= THE PROBLEM =
Look through the material below and report every line that includes "instrument".

BEGIN SUPPLIED RECORDS

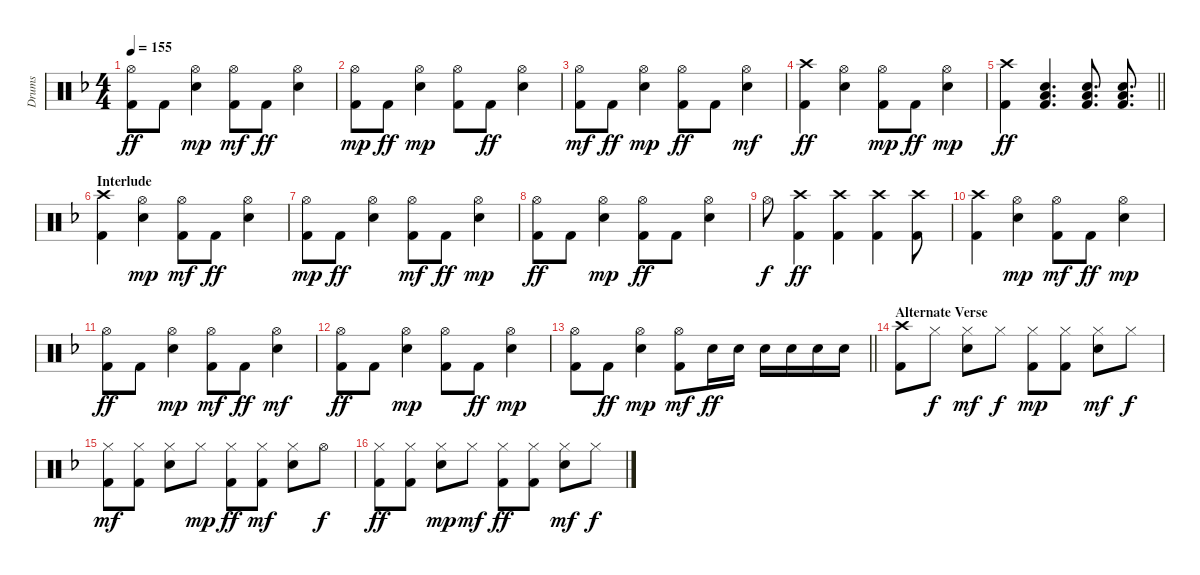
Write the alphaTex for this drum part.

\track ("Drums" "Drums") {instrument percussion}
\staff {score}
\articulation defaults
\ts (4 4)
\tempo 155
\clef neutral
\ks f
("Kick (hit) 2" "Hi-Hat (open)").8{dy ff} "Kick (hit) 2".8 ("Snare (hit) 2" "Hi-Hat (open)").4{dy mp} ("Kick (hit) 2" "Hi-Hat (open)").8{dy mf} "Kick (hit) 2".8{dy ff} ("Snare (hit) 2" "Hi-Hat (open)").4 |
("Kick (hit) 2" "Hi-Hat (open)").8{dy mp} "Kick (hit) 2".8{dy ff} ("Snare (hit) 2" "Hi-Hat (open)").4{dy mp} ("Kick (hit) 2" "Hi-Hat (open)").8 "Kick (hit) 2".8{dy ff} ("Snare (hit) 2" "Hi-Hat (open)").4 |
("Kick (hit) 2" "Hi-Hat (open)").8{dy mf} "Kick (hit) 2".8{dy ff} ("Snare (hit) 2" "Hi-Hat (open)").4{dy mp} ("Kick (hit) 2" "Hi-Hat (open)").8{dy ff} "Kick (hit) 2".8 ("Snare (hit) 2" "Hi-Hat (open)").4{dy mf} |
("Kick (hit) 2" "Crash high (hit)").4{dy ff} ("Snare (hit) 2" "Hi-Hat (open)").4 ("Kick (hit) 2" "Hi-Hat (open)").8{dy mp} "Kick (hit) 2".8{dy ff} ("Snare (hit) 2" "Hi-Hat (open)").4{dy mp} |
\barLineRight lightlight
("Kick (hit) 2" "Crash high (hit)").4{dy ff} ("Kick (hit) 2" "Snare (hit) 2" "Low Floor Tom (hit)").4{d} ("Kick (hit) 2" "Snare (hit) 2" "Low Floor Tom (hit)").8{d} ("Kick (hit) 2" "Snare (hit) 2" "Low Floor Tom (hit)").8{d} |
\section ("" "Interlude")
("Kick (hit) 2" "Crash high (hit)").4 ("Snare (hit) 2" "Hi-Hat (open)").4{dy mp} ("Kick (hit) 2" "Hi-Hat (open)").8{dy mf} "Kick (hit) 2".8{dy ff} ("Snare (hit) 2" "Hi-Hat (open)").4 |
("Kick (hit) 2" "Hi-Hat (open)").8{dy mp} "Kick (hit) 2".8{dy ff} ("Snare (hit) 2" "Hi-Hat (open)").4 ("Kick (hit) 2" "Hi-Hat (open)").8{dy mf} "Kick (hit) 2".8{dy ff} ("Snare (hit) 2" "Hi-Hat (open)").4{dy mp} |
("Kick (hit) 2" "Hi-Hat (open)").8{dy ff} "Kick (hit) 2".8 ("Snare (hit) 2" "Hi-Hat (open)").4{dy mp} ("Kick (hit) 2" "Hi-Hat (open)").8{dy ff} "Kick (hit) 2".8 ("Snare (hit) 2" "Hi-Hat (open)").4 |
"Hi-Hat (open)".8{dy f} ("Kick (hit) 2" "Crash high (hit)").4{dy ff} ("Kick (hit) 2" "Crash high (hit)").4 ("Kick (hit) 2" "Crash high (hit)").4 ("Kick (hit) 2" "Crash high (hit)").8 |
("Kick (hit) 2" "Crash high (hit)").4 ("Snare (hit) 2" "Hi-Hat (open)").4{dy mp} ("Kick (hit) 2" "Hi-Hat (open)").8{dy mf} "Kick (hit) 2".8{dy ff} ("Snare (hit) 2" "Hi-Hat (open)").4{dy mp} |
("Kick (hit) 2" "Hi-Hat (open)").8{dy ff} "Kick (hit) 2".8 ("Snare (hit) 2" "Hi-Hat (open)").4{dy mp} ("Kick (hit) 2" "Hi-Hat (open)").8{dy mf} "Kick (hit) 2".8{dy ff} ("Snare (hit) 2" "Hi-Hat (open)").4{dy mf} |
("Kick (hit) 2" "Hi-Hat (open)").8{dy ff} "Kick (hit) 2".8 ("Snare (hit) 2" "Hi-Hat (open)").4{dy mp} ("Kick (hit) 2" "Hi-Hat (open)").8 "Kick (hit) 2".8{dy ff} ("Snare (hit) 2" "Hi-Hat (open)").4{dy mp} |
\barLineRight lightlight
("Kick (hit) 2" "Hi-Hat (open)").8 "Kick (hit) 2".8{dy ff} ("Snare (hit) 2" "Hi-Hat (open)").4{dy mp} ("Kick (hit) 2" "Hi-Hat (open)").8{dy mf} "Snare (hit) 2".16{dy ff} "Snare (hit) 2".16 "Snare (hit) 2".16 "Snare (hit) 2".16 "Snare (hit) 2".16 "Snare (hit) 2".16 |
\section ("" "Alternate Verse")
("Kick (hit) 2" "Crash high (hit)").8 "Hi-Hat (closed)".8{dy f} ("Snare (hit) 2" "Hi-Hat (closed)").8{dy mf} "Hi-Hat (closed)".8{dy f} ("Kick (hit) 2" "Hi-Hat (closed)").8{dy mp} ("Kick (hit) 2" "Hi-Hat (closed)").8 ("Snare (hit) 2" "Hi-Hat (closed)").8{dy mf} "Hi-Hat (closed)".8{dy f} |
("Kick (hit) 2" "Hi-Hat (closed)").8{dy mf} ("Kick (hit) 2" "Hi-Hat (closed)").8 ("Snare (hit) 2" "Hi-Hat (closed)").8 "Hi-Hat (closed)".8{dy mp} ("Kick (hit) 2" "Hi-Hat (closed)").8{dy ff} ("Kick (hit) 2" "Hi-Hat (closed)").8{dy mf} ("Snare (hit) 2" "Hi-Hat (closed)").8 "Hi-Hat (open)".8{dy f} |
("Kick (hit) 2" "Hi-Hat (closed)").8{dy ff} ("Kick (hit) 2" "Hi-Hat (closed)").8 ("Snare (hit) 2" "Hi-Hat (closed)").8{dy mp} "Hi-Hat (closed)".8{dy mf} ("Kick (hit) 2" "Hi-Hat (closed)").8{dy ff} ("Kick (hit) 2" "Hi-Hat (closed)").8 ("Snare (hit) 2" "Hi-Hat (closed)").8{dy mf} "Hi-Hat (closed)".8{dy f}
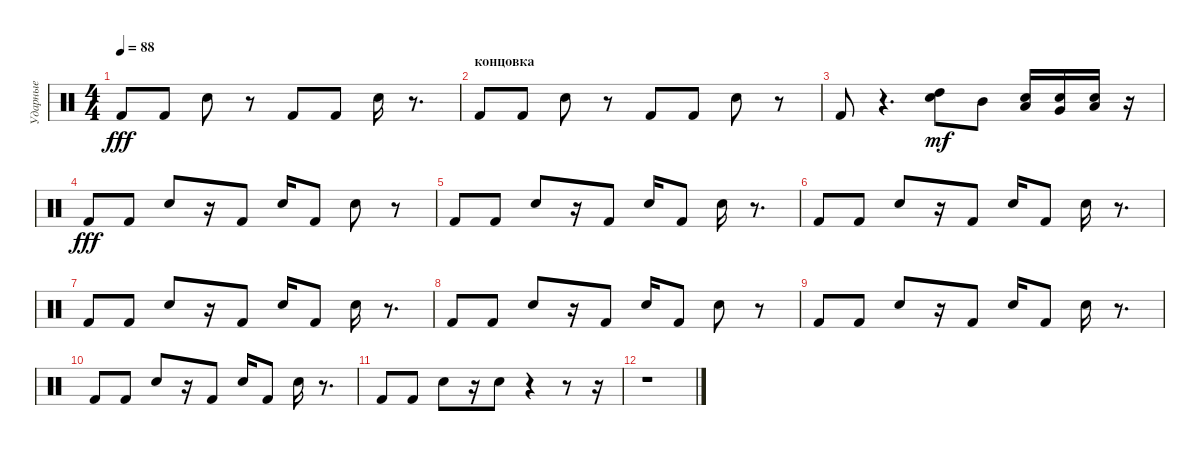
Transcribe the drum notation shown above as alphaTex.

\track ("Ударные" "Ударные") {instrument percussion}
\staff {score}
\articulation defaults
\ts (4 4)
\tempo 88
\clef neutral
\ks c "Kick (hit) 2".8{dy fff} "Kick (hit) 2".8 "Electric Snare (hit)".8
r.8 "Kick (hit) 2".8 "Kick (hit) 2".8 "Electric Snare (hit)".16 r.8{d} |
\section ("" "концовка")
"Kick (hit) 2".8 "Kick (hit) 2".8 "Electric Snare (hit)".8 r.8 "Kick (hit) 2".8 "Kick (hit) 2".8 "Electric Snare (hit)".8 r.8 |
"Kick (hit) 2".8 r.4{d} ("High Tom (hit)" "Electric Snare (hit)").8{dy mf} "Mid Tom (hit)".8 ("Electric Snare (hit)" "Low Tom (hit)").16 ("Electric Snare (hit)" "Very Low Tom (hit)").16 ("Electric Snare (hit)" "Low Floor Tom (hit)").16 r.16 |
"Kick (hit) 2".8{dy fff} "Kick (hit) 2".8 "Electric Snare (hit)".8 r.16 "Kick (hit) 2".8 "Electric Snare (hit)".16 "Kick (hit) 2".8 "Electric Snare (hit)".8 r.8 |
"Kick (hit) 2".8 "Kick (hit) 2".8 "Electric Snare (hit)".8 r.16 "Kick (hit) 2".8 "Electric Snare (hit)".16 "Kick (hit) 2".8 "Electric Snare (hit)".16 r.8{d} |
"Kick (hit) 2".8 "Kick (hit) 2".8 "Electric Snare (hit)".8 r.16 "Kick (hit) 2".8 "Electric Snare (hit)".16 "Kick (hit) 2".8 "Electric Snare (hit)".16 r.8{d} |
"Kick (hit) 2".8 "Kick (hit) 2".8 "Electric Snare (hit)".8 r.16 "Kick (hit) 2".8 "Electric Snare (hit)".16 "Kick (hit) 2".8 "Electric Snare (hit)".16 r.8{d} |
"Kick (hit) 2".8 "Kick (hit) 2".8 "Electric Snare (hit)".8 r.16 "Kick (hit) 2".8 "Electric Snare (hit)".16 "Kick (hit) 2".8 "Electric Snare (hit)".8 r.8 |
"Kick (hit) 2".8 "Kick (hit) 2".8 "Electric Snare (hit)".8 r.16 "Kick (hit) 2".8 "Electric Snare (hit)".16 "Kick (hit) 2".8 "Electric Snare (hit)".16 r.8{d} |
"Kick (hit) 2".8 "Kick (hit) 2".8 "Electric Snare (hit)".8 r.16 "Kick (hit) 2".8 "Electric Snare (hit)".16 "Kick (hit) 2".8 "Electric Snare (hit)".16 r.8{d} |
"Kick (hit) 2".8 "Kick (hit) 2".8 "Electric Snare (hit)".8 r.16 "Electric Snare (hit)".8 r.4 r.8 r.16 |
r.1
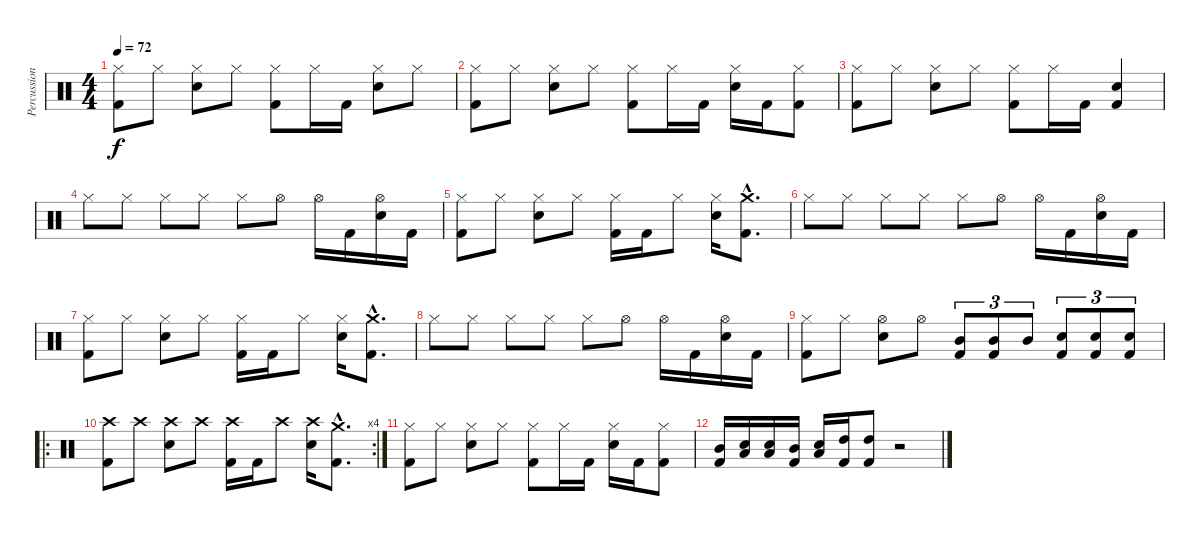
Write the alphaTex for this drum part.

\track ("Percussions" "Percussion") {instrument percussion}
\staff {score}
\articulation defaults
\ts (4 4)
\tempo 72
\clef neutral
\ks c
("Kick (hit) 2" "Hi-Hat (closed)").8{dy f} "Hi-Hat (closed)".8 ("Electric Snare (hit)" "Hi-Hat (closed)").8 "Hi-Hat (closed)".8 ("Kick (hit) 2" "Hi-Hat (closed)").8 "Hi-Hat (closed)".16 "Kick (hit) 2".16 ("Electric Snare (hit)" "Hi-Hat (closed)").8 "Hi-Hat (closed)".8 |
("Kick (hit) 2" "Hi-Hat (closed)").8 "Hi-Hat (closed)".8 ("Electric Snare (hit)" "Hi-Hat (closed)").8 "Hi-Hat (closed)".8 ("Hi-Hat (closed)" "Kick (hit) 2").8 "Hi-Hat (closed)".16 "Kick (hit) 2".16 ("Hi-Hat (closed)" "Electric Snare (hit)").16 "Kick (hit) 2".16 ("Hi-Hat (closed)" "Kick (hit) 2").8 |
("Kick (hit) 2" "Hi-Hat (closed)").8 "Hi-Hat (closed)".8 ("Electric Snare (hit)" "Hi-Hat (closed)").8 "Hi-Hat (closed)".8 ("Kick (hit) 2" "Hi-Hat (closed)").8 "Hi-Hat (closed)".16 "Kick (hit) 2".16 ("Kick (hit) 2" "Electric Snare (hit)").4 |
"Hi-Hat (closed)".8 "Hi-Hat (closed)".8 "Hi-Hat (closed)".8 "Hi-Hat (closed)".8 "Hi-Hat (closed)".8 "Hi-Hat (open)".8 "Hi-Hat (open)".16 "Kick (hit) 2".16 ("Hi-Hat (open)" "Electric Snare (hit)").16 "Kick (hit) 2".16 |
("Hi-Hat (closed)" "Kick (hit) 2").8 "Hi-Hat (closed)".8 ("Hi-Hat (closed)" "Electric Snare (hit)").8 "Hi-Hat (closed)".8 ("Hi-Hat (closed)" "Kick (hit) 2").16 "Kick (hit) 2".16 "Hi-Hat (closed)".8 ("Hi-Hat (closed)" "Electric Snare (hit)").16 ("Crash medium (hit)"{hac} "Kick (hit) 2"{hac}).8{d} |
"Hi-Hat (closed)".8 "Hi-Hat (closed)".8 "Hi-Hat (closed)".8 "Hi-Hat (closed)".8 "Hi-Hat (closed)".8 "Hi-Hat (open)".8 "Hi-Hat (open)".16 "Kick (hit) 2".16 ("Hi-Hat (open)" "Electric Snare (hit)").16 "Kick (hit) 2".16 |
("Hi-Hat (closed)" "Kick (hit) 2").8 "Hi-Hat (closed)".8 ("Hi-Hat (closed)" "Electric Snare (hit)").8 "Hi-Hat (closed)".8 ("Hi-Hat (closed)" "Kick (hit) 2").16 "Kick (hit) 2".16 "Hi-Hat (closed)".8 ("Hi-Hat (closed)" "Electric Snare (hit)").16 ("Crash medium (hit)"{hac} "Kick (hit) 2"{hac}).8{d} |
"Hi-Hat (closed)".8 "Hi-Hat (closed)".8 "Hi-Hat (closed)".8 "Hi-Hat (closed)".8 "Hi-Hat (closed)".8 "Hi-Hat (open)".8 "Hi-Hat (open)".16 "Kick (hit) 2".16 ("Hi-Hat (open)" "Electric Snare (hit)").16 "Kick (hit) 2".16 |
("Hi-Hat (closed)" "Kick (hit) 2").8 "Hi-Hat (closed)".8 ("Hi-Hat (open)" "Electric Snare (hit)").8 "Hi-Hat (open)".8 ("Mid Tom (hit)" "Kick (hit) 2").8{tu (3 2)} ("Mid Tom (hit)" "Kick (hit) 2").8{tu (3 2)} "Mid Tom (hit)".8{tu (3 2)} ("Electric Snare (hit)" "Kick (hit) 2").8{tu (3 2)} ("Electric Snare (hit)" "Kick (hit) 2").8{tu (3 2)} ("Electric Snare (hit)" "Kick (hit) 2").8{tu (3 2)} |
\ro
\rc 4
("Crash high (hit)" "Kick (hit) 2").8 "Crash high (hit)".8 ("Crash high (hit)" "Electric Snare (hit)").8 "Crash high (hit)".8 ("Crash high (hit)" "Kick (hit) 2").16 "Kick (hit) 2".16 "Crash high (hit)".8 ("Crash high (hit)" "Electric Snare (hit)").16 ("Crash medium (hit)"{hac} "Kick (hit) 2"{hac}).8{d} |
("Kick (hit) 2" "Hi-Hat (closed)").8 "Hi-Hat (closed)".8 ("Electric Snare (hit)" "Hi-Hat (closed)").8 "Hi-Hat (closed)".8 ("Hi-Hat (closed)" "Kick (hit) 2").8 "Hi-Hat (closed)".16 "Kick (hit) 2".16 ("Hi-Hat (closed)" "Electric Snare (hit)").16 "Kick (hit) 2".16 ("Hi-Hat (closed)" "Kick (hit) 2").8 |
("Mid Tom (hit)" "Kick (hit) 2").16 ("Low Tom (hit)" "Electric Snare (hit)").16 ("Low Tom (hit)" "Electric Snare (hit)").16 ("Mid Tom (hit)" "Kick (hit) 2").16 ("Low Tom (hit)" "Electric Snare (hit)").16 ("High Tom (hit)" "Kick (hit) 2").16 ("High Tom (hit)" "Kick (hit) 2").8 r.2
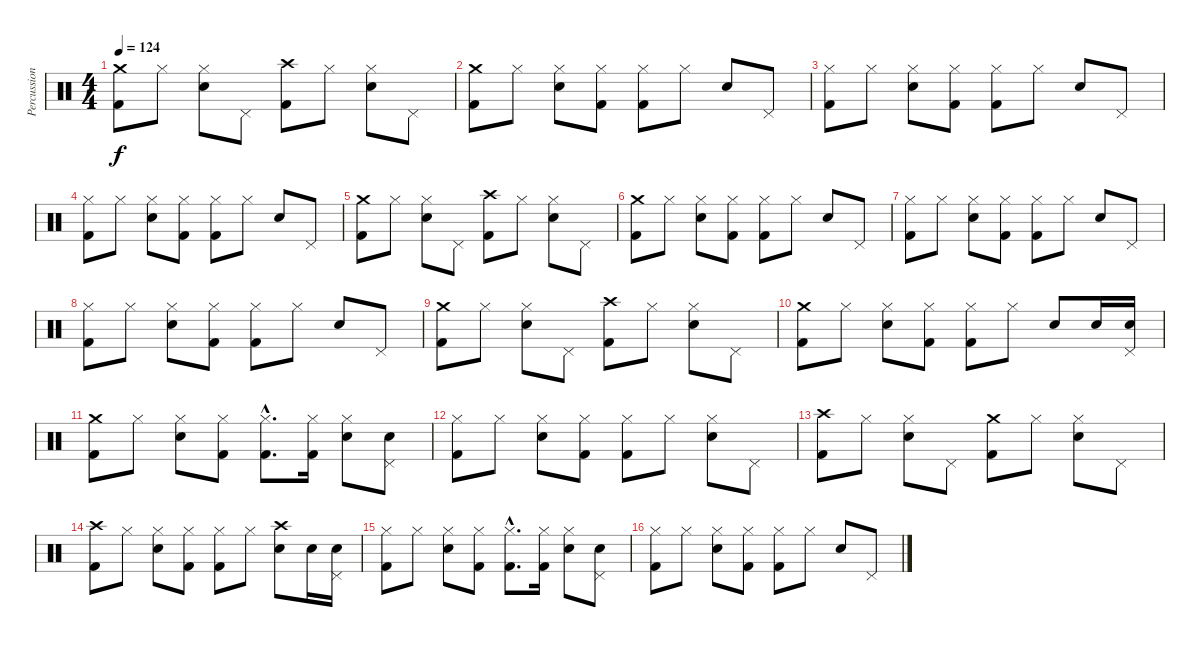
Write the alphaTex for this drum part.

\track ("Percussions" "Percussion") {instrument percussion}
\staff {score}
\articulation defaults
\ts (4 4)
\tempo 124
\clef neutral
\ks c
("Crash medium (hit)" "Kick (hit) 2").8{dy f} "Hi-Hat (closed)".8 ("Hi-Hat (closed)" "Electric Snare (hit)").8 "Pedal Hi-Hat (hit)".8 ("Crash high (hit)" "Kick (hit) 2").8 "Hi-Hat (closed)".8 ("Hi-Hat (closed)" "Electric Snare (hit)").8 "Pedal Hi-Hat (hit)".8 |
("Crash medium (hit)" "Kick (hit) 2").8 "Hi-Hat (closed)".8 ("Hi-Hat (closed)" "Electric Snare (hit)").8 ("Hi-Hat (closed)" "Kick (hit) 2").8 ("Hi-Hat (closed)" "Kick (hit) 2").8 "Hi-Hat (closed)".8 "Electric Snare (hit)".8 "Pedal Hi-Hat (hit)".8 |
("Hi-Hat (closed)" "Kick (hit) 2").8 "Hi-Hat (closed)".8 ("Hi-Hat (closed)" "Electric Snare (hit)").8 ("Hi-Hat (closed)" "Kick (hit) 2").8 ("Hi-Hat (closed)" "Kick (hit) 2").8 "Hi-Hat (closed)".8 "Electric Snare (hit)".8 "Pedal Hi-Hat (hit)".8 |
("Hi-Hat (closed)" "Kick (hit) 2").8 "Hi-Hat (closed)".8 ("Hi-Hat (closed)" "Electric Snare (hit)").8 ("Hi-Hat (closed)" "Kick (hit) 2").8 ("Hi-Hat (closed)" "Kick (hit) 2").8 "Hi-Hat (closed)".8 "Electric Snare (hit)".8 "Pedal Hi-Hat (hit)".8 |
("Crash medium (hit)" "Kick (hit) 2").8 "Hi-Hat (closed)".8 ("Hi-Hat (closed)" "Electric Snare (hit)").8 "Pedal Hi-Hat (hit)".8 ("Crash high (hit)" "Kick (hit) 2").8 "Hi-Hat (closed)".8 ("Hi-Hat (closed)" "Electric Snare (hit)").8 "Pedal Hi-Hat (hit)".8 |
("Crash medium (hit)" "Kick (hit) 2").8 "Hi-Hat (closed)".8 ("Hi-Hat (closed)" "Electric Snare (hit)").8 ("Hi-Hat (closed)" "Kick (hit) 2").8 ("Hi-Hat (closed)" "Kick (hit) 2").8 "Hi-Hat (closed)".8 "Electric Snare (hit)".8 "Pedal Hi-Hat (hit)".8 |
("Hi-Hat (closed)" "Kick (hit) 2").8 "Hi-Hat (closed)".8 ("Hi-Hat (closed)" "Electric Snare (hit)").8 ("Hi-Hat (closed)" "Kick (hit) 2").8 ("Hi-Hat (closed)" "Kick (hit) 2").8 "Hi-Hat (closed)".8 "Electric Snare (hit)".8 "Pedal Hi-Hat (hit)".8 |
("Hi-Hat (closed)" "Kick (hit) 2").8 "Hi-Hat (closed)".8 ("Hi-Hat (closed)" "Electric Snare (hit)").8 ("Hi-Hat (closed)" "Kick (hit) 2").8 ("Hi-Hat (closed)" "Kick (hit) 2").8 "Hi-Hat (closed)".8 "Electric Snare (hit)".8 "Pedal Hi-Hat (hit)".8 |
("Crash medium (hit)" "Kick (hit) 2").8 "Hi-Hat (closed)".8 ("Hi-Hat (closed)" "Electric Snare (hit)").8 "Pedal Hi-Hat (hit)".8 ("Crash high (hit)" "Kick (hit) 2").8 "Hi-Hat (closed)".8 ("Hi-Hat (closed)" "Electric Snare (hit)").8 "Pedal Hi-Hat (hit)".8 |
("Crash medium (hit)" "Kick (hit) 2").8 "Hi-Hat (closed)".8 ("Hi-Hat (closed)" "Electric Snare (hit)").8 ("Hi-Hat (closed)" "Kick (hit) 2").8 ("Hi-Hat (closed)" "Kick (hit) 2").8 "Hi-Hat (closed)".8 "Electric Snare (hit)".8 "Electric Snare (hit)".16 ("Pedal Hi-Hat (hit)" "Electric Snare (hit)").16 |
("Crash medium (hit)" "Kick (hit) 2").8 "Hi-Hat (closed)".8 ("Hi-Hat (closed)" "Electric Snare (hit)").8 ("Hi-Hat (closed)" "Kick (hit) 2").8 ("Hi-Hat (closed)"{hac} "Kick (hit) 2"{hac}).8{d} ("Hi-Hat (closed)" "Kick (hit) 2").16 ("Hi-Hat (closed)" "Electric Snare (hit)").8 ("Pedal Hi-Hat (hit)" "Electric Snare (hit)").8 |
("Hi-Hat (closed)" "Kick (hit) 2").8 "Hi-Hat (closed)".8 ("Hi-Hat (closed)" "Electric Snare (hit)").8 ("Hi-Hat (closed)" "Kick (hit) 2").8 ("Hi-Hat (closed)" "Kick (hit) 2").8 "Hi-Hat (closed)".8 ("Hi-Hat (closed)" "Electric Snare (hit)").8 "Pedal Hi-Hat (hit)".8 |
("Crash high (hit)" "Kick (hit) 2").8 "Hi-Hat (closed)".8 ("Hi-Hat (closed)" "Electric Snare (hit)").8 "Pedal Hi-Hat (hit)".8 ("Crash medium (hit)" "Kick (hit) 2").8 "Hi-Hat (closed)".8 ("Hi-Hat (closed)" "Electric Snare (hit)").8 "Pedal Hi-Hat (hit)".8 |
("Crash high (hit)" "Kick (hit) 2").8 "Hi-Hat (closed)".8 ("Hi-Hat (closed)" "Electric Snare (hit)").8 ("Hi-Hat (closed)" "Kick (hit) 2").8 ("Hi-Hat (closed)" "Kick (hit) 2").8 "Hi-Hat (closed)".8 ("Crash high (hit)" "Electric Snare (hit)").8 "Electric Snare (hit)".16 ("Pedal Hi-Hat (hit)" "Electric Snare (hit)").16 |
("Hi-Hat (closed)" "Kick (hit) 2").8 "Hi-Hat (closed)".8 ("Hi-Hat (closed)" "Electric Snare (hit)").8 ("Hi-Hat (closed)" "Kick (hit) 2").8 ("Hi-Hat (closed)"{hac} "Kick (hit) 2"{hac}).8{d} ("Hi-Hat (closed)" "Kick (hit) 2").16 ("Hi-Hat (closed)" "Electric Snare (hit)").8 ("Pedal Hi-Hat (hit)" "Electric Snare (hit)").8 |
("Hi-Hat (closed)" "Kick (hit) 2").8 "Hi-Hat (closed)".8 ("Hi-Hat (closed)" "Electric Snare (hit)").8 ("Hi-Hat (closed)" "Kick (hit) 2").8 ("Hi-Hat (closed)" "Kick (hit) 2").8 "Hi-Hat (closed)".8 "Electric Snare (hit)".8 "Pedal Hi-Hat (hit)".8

END SUPPLIED RECORDS

= THE ANSWER =
\track ("Drums" "Drums") {instrument percussion}
\track ("Ударные" "Ударные") {instrument percussion}
\track ("Percussions" "Percussion") {instrument percussion}
\track ("Percussions" "Percussion") {instrument percussion}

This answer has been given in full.